Sadly, Kentucky has used that incorrect statement for years when making excuses for why we have lost jobs.
It’s one of the primary reasons Kentucky continues to fall behind neighboring states such as Tennessee and Indiana. Simply put, officials in those states have taken bold steps to create a welcoming business climate and as a result, they are taking our jobs. It wasn’t long after I acquired newspapers in Metcalfe, Hart, Barren and Monroe Counties that I learned where those jobs actually went.
Morgantown’s 900 jobs didn’t go to Mexico, they went to plants in Metcalfe and Warren Counties because those locations were more hospitable to industry. Morgantown didn’t lose just those jobs, they also lost a very large and long-standing trucking contract that eventually found its way to Glasgow-based Walbert Trucking. Today, when I visit our offices in Morgantown and pass the old Sumitomo plant I am reminded of just how much a bad decision can affect an entire community.
I want to thank the area leaders who took the time to show appreciation for Sumitomo and them being part of Metcalfe County for 25 years and I sincerely hope Horse Cave will not continue on a path of self-destruction.
Celebrating Veterans in our own way
Each year our editorial team coordinates coverage of area Veteran’s Day activities to make an effort to cover as many facets of the observances as possible. While we have a small staff, I am confident that the Barren County Progress will include more comprehensive coverage than the majority of community newspapers in Kentucky. Veteran’s Day is a treasured time and to experience it in Barren County is one of the most memorable things we do each year.
Late last week Editor Sam Terry and I set out on a whirlwind tour of Barren County that included nearly every local community hosting a patriotic celebration. I’ve chosen a few impressions that stuck in my mind from some of those events to share with you.

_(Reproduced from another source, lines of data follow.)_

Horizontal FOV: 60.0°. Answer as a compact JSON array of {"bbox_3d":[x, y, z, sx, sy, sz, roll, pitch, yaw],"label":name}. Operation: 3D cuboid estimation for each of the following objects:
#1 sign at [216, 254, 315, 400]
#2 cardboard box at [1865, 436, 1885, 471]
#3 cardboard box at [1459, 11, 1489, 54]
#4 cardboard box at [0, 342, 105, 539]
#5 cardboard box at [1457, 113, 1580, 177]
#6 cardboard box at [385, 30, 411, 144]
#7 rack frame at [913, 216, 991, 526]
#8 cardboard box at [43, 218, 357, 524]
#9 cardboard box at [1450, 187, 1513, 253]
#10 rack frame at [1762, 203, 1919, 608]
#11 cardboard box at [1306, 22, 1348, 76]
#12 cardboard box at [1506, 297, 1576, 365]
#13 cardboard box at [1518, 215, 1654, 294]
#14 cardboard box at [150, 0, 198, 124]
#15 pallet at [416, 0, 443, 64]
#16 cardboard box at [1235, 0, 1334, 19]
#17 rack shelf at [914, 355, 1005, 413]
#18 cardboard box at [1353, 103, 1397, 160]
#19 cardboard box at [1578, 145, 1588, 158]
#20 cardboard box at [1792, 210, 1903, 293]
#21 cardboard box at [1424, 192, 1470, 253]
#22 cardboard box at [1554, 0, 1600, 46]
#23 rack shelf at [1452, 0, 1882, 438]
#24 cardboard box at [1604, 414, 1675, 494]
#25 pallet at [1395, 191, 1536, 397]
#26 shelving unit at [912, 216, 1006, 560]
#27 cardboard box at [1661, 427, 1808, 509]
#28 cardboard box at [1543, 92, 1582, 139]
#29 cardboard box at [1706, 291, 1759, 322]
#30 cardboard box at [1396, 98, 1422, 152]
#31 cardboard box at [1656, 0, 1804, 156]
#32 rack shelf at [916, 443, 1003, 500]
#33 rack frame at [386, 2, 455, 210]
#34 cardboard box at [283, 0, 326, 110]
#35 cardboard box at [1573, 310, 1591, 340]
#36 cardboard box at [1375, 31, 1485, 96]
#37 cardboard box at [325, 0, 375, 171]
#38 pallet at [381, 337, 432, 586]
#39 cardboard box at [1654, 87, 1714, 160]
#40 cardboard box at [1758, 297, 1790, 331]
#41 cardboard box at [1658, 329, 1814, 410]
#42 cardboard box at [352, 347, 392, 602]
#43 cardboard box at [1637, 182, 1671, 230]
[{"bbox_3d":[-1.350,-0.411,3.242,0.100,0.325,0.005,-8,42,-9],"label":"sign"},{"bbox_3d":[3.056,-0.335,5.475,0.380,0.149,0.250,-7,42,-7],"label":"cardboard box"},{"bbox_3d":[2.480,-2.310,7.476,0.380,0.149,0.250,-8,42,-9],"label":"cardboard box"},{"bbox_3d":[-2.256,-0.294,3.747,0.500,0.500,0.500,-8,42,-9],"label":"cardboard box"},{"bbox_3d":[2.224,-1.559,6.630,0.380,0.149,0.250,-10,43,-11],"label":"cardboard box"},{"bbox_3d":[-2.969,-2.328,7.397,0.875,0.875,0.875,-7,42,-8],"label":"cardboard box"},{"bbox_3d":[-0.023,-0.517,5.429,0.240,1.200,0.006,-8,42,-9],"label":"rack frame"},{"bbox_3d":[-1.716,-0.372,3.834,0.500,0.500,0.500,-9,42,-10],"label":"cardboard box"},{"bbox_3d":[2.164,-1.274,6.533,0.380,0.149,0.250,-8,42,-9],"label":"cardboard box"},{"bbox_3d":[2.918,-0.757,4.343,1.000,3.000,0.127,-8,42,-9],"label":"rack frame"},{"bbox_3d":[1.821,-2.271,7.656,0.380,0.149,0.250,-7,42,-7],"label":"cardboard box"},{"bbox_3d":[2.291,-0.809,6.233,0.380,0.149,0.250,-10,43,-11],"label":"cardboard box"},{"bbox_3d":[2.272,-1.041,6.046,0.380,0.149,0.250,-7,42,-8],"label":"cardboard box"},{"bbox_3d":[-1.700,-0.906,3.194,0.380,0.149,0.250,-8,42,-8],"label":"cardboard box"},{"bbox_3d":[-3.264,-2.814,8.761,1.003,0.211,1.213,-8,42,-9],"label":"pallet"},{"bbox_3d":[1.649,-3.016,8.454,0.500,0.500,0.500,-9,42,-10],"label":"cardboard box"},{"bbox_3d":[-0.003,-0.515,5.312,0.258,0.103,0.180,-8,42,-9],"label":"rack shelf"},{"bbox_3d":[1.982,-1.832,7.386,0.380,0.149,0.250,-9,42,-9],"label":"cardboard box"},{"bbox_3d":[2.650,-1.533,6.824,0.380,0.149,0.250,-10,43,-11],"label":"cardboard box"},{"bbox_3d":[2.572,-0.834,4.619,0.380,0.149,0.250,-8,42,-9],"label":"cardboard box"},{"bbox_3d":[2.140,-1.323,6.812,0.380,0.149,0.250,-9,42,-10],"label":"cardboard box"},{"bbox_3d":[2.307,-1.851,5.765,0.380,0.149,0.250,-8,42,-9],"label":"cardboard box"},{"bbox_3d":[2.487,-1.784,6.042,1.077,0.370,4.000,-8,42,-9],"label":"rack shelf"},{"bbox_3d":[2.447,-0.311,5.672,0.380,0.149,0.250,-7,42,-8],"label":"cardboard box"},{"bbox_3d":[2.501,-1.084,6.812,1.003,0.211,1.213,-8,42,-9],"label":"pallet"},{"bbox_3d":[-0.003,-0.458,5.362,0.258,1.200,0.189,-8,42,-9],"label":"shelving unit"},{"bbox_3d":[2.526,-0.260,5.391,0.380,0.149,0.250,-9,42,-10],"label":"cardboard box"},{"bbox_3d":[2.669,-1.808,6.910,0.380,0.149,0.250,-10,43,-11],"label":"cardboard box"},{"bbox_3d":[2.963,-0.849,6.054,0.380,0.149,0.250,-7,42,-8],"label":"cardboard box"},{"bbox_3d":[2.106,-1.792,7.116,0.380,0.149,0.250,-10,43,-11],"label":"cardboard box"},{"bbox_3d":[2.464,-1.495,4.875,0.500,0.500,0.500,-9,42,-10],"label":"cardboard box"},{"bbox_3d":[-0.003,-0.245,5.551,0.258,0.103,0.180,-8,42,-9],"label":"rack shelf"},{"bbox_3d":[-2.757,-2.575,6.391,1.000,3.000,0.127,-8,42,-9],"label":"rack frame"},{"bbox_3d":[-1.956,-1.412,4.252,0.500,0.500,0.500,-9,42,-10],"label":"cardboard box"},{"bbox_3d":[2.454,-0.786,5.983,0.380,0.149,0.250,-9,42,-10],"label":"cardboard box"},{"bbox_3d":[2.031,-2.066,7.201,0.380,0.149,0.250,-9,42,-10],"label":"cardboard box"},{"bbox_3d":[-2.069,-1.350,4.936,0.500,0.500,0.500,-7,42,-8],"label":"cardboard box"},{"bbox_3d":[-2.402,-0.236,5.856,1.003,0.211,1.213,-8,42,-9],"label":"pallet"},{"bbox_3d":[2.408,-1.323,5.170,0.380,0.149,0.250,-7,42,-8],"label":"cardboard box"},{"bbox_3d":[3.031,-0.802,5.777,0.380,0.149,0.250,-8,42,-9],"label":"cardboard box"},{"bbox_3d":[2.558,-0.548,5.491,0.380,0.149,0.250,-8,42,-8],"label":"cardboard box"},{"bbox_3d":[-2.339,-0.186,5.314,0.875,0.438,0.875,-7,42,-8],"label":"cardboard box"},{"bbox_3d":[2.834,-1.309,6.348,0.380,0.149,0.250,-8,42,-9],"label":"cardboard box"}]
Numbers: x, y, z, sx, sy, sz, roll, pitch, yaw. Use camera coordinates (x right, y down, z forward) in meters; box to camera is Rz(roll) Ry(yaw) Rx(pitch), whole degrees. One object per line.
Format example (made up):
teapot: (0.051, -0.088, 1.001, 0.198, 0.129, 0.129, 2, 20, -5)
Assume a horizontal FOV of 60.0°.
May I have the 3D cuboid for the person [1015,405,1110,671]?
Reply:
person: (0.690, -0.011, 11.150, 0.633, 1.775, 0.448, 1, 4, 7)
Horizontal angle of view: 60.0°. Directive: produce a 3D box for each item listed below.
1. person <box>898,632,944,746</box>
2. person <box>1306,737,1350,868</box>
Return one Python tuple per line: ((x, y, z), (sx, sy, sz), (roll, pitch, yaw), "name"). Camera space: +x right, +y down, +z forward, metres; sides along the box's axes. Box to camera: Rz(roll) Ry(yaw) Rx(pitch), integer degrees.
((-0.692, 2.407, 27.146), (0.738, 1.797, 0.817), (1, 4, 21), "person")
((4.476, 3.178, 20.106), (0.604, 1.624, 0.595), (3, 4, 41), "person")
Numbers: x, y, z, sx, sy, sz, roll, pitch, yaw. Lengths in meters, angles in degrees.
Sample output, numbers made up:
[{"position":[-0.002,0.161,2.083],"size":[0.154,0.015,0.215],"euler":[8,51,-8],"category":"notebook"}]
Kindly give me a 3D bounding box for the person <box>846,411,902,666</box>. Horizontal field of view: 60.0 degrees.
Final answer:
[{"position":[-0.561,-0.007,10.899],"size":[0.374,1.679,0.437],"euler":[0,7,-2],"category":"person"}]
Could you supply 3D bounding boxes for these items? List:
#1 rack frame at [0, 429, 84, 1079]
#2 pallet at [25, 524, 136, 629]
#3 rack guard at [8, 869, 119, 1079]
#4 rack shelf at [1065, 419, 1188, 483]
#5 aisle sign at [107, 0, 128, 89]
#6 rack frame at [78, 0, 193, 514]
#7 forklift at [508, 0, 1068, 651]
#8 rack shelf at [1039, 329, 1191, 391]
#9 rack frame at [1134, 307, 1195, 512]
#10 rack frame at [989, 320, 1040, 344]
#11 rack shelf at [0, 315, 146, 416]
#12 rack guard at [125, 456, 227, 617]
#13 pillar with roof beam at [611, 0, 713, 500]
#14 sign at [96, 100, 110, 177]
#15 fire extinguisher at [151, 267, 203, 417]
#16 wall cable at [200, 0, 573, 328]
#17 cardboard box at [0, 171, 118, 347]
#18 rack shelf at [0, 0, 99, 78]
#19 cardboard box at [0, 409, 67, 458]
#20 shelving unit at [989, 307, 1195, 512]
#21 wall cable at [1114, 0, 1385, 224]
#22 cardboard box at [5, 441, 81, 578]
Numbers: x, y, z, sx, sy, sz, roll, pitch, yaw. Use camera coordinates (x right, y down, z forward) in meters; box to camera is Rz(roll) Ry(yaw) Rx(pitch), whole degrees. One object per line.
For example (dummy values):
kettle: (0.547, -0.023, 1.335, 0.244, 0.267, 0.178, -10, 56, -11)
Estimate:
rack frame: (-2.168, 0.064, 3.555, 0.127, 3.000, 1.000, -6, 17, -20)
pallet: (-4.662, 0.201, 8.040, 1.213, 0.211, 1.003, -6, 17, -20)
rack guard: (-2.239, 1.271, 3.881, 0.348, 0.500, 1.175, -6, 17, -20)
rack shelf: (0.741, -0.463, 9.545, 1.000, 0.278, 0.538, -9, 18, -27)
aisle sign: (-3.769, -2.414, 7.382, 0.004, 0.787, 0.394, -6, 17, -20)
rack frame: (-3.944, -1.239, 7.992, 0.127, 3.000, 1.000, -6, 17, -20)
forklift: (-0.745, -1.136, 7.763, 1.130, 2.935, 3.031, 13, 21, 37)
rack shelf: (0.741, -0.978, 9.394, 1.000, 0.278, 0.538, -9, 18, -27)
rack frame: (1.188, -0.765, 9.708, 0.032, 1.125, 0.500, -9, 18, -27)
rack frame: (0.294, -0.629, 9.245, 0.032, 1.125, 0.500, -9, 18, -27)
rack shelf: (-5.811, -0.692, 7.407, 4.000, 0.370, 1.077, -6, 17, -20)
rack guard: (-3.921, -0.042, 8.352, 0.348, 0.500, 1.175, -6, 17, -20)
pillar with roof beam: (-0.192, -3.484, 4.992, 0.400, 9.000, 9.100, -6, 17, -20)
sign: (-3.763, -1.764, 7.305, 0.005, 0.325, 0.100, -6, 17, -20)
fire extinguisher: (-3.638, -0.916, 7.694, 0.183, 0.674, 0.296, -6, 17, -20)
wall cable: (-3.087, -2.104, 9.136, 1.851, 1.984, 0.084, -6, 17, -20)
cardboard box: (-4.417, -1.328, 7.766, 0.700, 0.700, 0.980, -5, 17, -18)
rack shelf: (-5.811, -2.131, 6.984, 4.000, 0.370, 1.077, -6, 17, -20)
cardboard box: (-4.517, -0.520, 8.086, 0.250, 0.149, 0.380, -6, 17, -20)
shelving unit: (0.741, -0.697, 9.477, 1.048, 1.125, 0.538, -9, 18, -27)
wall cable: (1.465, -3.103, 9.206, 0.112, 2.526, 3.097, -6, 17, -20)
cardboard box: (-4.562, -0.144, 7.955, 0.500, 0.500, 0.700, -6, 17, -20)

My heart was warmed when we encountered Red Cross Elementary School kindergarten students lining the entrance to that school’s gymnasium to shake hands with those entering and thanking veterans for their service. Hats off to their teachers for an age-old tradition given a fresh twist. I still smile thinking about those little handshakes.
If there is a local school where model behavior and respect translates into educational success, it must be Hiseville Elementary School. While students and staff were celebrating their achievement as a proficient school, you could hear a pin drop as Principal Jeff Richey began the school’s Veteran’s Day program. The mutual respect between students, teachers, staff and administrators was clearly evident and admirable.
Our Friday visit to Temple Hill Elementary School was the first opportunity this year to see the POW-MIA Missing Man Table and it was performed by Freddie Joe Wilkerson's Barren County High School Junior ROTC members. Any parent is well aware of a young child emulating an older role model and I can think of no better way to instill patriotism than having it demonstrated by older youths to impressionable youngsters.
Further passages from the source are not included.